July 12th, 2018 · Leave a Comment

Summer — the longer days of daylight and summer vacation often mean more time outdoors for many families.

Summer is a time for having fun, but it can also bring unfortunate injuries. To help ensure a fun and safe summer, make safety an important part of the summer routine. Here are five ways to keep kids safe and healthy this summer:

1. Water Safety

Never leave a child unattended in or near the water. This includes a bathtub or a small “kiddie” pool with just a few inches of water. At a public pool or at the beach, always stay close and supervise the child. Drowning is the leading cause of death among children ages 1-4 in U.S. and Florida leads the nation in the numbers of children who die from drowning. Supervision is the top priority to keep children safe. Take precautions if you have a pool in your backyard or nearby by installing locks or fencing. Teach children how to swim and not to swim alone.

 2. Child Safety Helmet

Children should always wear a properly fitting helmet when riding a bicycle, tricycle, scooter or skateboard. Make sure the helmet is centered on the top of the head with the strap buckled and snug enough that it doesn’t rock back and forth. A helmet can reduce the risk of head injury.

 3. Hydration

Drink plenty of fluids to prevent dehydration. For every 20 minutes of play, a child should drink about 10 gulps of water. Be on the lookout for dehydration warning signs, such as thirst, dry or sticky mouth, headache, muscle cramping, irritability, extreme fatigue, weakness, dizziness or decreased performance.

 4. Playground Safety

Actively supervise children on playgrounds. Make sure the playgrounds have shock absorbing surfaces and are free of hazards and broken equipment. Avoid playgrounds with non-impact absorbing surfaces, such as asphalt, concrete, grass, dirt or gravel. Dress appropriately and avoid clothing that can get caught on equipment, such as scarves or drawstrings.

 5. Hot Cars

When temperatures are warm outdoors, they will be even hotter inside of a closed car. Never leave a child unattended in a car, even for a few minutes. The heat is deadly and children are at a greater risk for heat stroke. Make sure car doors and the trunk are locked when the car is parked in the driveway or garage so that the child is not tempted to play in the car.
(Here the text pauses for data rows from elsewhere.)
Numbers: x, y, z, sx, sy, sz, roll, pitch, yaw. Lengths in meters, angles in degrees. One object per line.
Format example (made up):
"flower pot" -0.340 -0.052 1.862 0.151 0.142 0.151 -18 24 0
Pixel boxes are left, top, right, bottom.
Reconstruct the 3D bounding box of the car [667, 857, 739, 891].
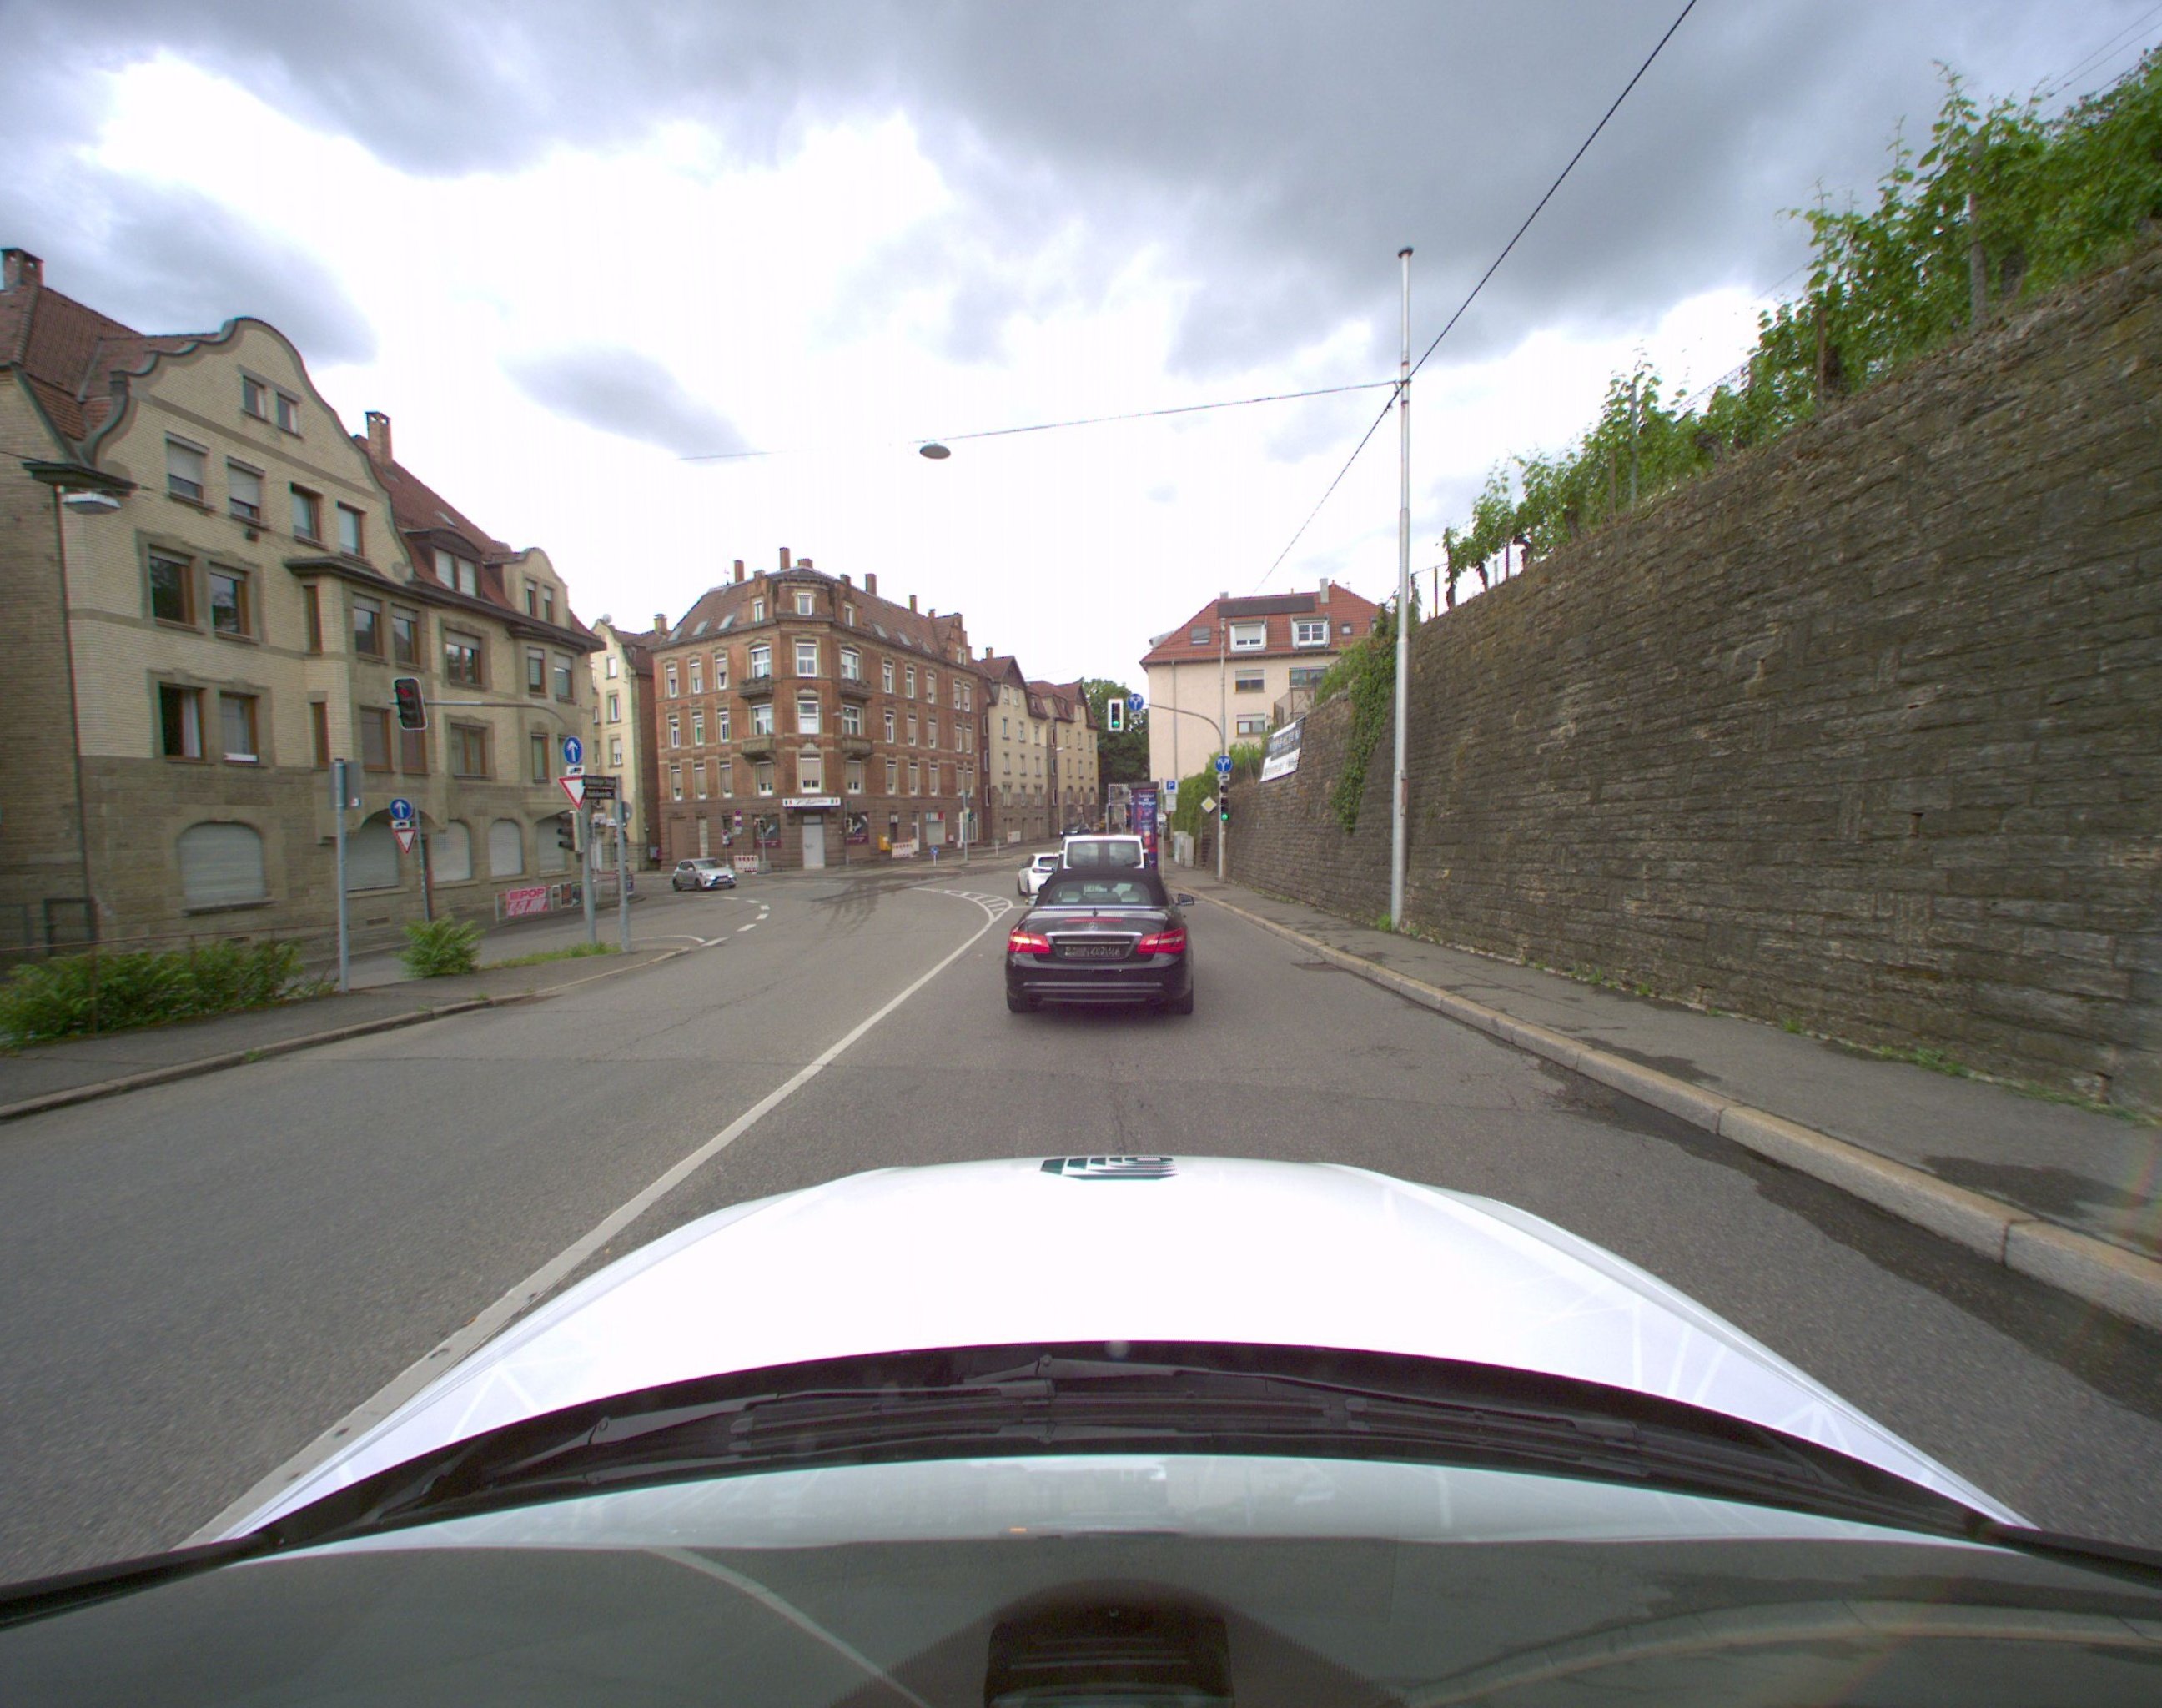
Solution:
"car" -17.690 0.942 38.045 3.596 1.467 1.686 -1 0 40

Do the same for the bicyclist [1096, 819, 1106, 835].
"bicyclist" 2.327 -3.145 95.088 0.938 1.702 0.787 -5 2 7

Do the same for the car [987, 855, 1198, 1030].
"car" 0.170 0.756 9.093 1.755 1.409 4.401 -1 0 2

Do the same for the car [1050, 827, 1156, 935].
"car" 0.480 0.476 17.193 1.884 1.929 4.647 -1 0 2

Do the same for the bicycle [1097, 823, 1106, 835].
"bicycle" 2.435 -2.911 95.187 0.628 1.306 2.605 -5 2 8

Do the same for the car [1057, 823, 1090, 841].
"car" -0.732 -2.172 80.977 1.978 1.514 4.306 -2 3 17

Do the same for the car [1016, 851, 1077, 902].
"car" -1.170 0.654 26.043 1.679 1.466 3.910 -1 0 -6

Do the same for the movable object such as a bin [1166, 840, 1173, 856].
"movable object such as a bin" 5.147 -0.338 47.351 0.343 0.911 0.494 -1 0 -4

“The summer is a great time to connect with family and friends and spend time outdoors, hanging out by the pool or grilling out at a barbeque,” said Cynthia Dennis, RN, coordinator of Injury Prevention for THE PLAYERS Center for Child Health at Wolfson Children’s Hospital. “But it’s also trauma season for kids. By reminding ourselves of a few safety tips, the summer can be safer and fun for everyone.”